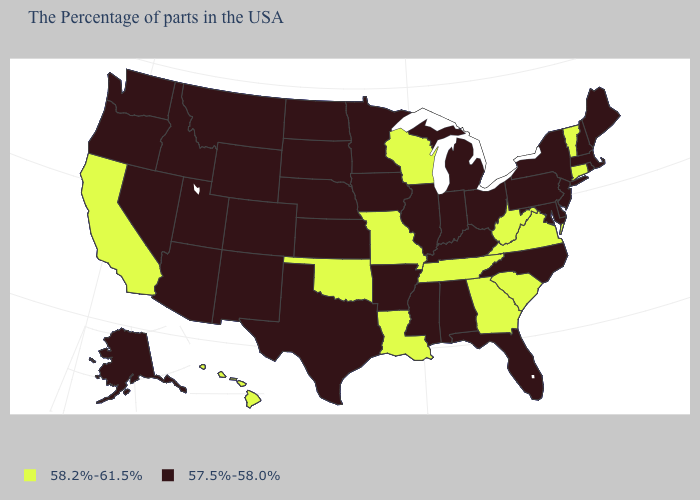Among the states that border Connecticut , which have the highest value?
Keep it brief. Massachusetts, Rhode Island, New York. Does Kansas have the same value as Michigan?
Keep it brief. Yes. How many symbols are there in the legend?
Write a very short answer. 2. What is the value of California?
Quick response, please. 58.2%-61.5%. Does the first symbol in the legend represent the smallest category?
Answer briefly. No. Name the states that have a value in the range 57.5%-58.0%?
Short answer required. Maine, Massachusetts, Rhode Island, New Hampshire, New York, New Jersey, Delaware, Maryland, Pennsylvania, North Carolina, Ohio, Florida, Michigan, Kentucky, Indiana, Alabama, Illinois, Mississippi, Arkansas, Minnesota, Iowa, Kansas, Nebraska, Texas, South Dakota, North Dakota, Wyoming, Colorado, New Mexico, Utah, Montana, Arizona, Idaho, Nevada, Washington, Oregon, Alaska. Which states hav the highest value in the Northeast?
Short answer required. Vermont, Connecticut. Name the states that have a value in the range 57.5%-58.0%?
Keep it brief. Maine, Massachusetts, Rhode Island, New Hampshire, New York, New Jersey, Delaware, Maryland, Pennsylvania, North Carolina, Ohio, Florida, Michigan, Kentucky, Indiana, Alabama, Illinois, Mississippi, Arkansas, Minnesota, Iowa, Kansas, Nebraska, Texas, South Dakota, North Dakota, Wyoming, Colorado, New Mexico, Utah, Montana, Arizona, Idaho, Nevada, Washington, Oregon, Alaska. What is the highest value in the USA?
Short answer required. 58.2%-61.5%. Does Nebraska have a higher value than Idaho?
Be succinct. No. What is the value of New Jersey?
Answer briefly. 57.5%-58.0%. Does Kansas have the highest value in the USA?
Keep it brief. No. What is the value of West Virginia?
Answer briefly. 58.2%-61.5%. What is the highest value in the Northeast ?
Answer briefly. 58.2%-61.5%.
■ ■ ■ ■ ■
__What you will do__. Find the line containing "Answer briefly. No.", then output it and every line after it to the end of the data, exactly.

__Exercise answer__.
Answer briefly. No. Name the states that have a value in the range 57.5%-58.0%?
Short answer required. Maine, Massachusetts, Rhode Island, New Hampshire, New York, New Jersey, Delaware, Maryland, Pennsylvania, North Carolina, Ohio, Florida, Michigan, Kentucky, Indiana, Alabama, Illinois, Mississippi, Arkansas, Minnesota, Iowa, Kansas, Nebraska, Texas, South Dakota, North Dakota, Wyoming, Colorado, New Mexico, Utah, Montana, Arizona, Idaho, Nevada, Washington, Oregon, Alaska. Which states hav the highest value in the Northeast?
Short answer required. Vermont, Connecticut. Name the states that have a value in the range 57.5%-58.0%?
Keep it brief. Maine, Massachusetts, Rhode Island, New Hampshire, New York, New Jersey, Delaware, Maryland, Pennsylvania, North Carolina, Ohio, Florida, Michigan, Kentucky, Indiana, Alabama, Illinois, Mississippi, Arkansas, Minnesota, Iowa, Kansas, Nebraska, Texas, South Dakota, North Dakota, Wyoming, Colorado, New Mexico, Utah, Montana, Arizona, Idaho, Nevada, Washington, Oregon, Alaska. What is the highest value in the USA?
Short answer required. 58.2%-61.5%. Does Nebraska have a higher value than Idaho?
Be succinct. No. What is the value of New Jersey?
Answer briefly. 57.5%-58.0%. Does Kansas have the highest value in the USA?
Keep it brief. No. What is the value of West Virginia?
Answer briefly. 58.2%-61.5%. What is the highest value in the Northeast ?
Answer briefly. 58.2%-61.5%.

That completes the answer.